Most evidence gathered is of tools made from stone, bone and mammoth tusk, which carry similar characteristics and date to Pleistocene and post-Pleistocene times. These have been found across North America. A distinctively-shaped, thin, fluted stone spear point is known as the Clovis point.
Further evidence found includes mammoths with Clovis points in situ, mammoth bones and tusks that have knife marks or have butcher marks. Human coprolites (fossil feces) have been found in a caves in south-central Oregon, dating to 14,000 years ago, and containing mtDNA haplogroups A2 and B2, two of the five major Native American mtDNA haplogroups. These finds in Oregon may represent a pre-Clovis people.
Possible Origins of the Clovis People
The prevailing theory of the origin of the ancient Paleo-Indians such as the Clovis people is that they are thought to have migrated from Siberia approximately 20,000 years ago, when they crossed a bridge from Siberia to Alaska at a time when the sea was low and land was exposed. This early migration may have been followed by later migrations.
These early immigrants are thought to have then migrated down the Pacific coastline where land and vegetation may have been available early on. Evidence of the Clovis culture from ca. 13,000 years ago has been found in Chile. From the Pacific Coast the Clovis people may have then migrated eastward as the ice melted. Beyond the ice, herds of bison and mammoths awaited them. Pre-Clovis people were basically hunter-gatherers, whereas the Clovis culture hunted big game, using their tool technology.
Some scientists believe through mitochondrial DNA studies that all of the Native American MtDNA, even haplogroup X (which links to some peoples in West Asia and Europe), came from the same source, a part of the same founding population which entered North America from Siberia.

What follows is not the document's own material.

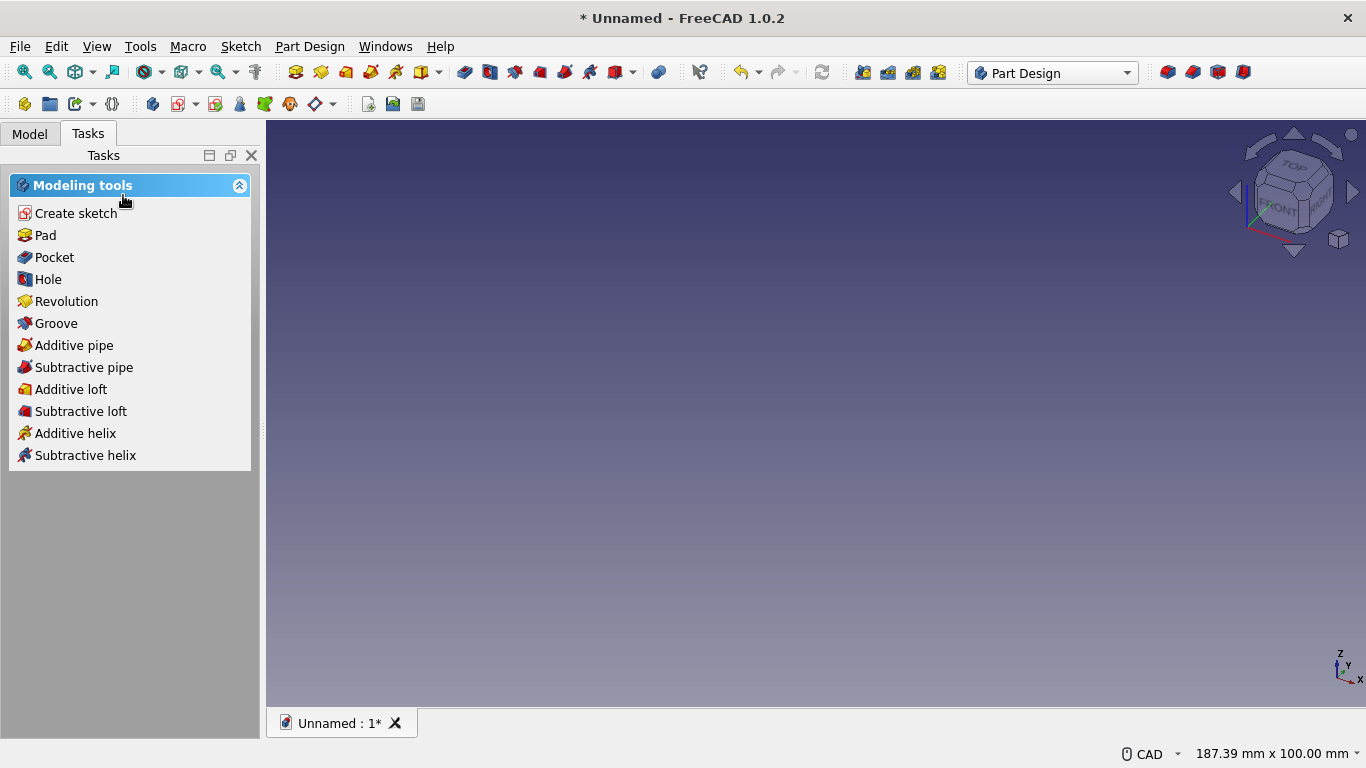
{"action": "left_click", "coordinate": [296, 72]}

Another theory is based on the earlier findings in America of a pre-Clovis people that came to the Americas 5000 years earlier. The Solutrean theory recognizes the similarity in production method between the Clovis point and tools made by the Solutrean neolithic (Stone Age) culture in southwest France, making a point that the first Americans may have been European.
Researchers found in Barrow, Alaska that modern clothing makers recognized some Solutrean bone needles. The caribou skin clothing the Inuit still continue to wear coul have easily been made by people in 16,000 B.C.E. It is also possible that voyages from Europe, like those 700 years ago could have been made anciently. And of course, another theory states that there may have been ancient mariners crossing the Pacific in various wavesof migration as well.

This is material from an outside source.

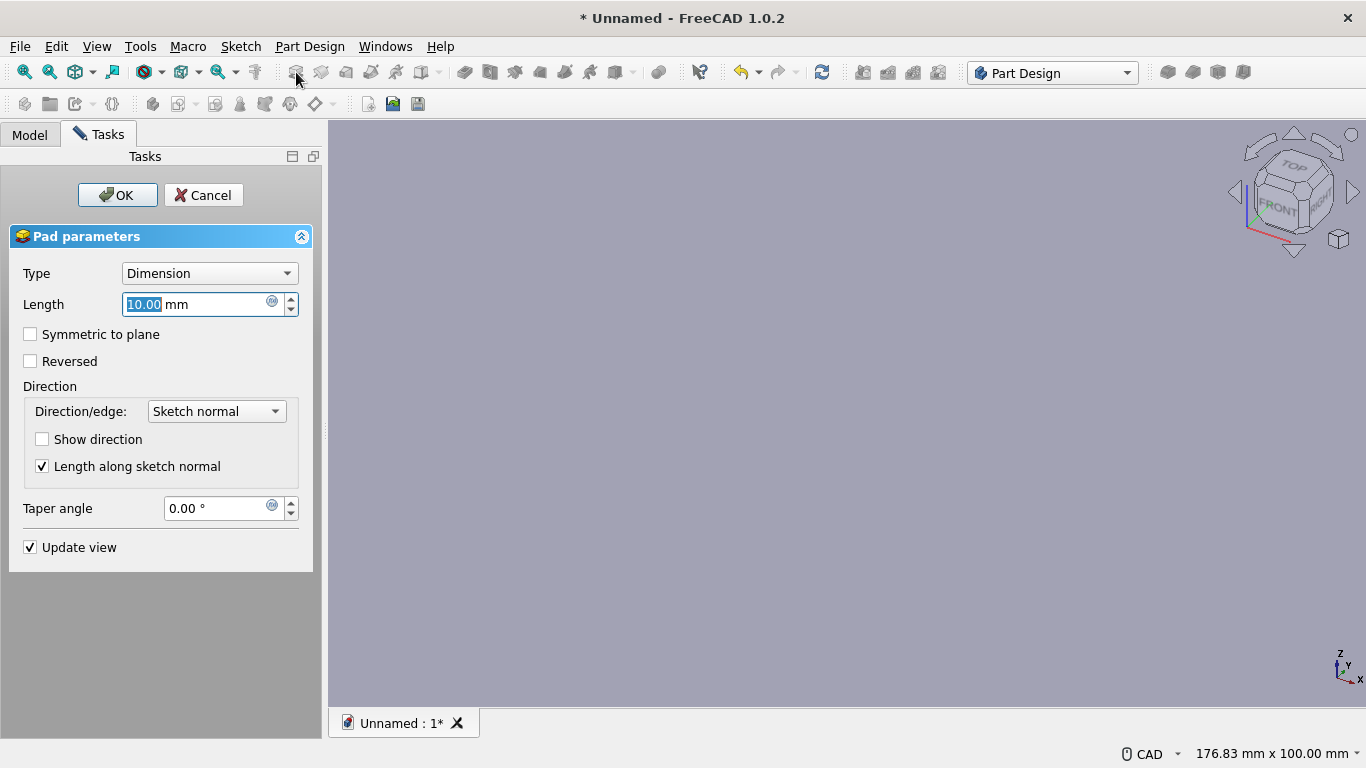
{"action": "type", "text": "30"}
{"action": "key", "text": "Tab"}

What Happened to the Clovis People?
The innovative Clovis spearpoint seemed to coincide with a mass extinction of the continent's megafauna. The mammoth, the giant armadillo, the giant sloth and the great black bear all disappeared soon after the Clovis point was utilized in America. It is possible that these animals may have been overhunted by the increasing population of Clovis people along with climate changes and/or disease. For whatever reason, at this point it is still unclear, but the Clovis people also seemed to die away.
For one group of Clovis descendants there is some evidence of their fate. Archaeologists believe that the first people in the broader San Juan Basin were hunter-gatherers who were distantly descended from the nomadic Clovis hunters who are thought to have arrived in the Southwest around 11,000 B.C.E. From 6000 to 800 B.C.E. these post-Clovis people belonged to the Archaic period. These hunter-gatherer people were found to have lived at sites such as Atlatl Cave in about 900 B.C.E.

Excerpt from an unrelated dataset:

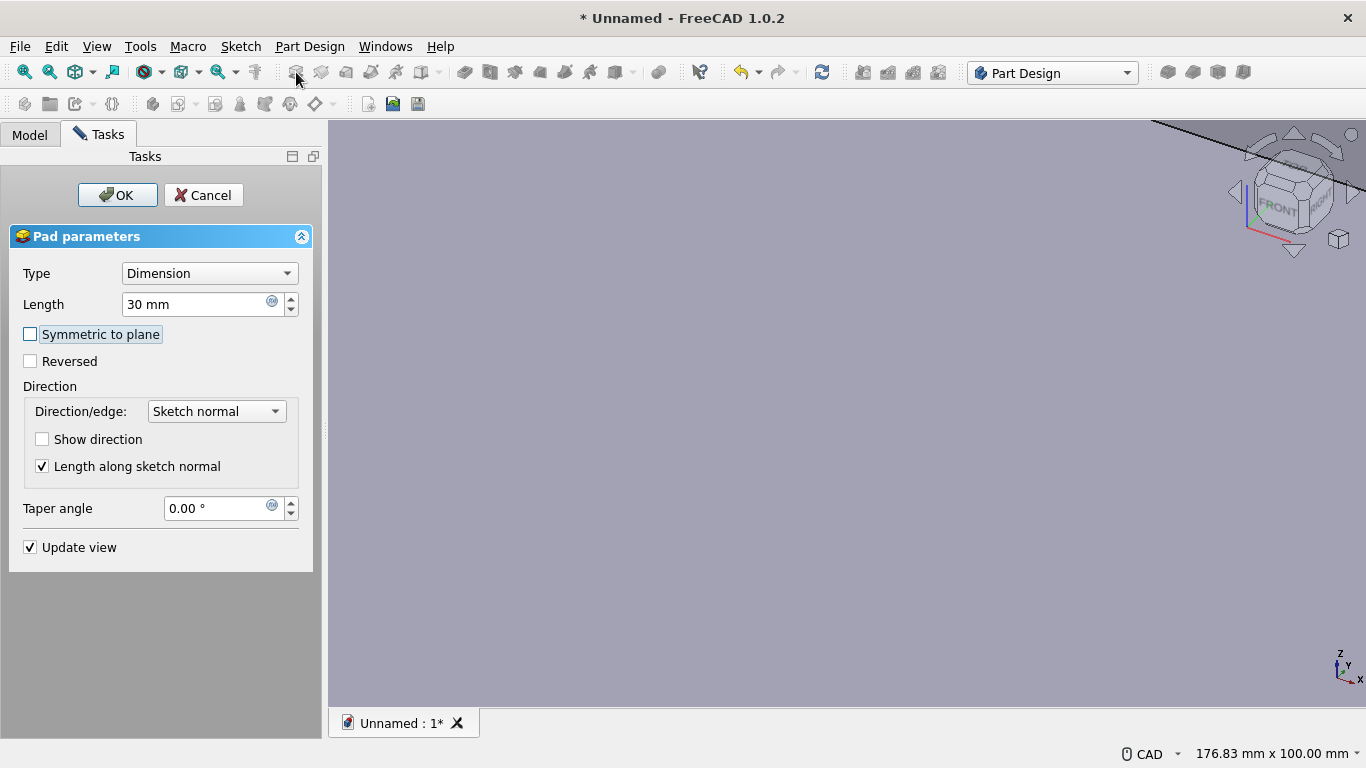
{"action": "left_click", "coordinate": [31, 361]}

By approximately 490 C.E., their descendants, designated as Basketmakers, were farming within Chaco Canyon and living in pithouse settlements. By 850 C.E., the Basketmaker descendants or Pueblo people, known as the Anasazi had expanded and began to become more complex. At the beginning of the 12th century C.E. the Pueblo people had reached their peak, coinciding with the building of the Aztec cities, who may have been the same as the Pueblo people.
By the mid-12th century, the Pueblo civilization in Chaco Canyon collapsed as they experienced a 50-year drought and and intense environmental challenges. Both the modern Puebloan Peoples, such as the Hopi (from 1150 C.E.), and the Aztecs are thought to be descended from the Pueblo Anasazi people, who anciently came from Clovis origins.
Resources:
Handwerk, Brian. “Americas Settled by Two Groups of Early Humans-Study Says“ National Geographic News (12 December 2005)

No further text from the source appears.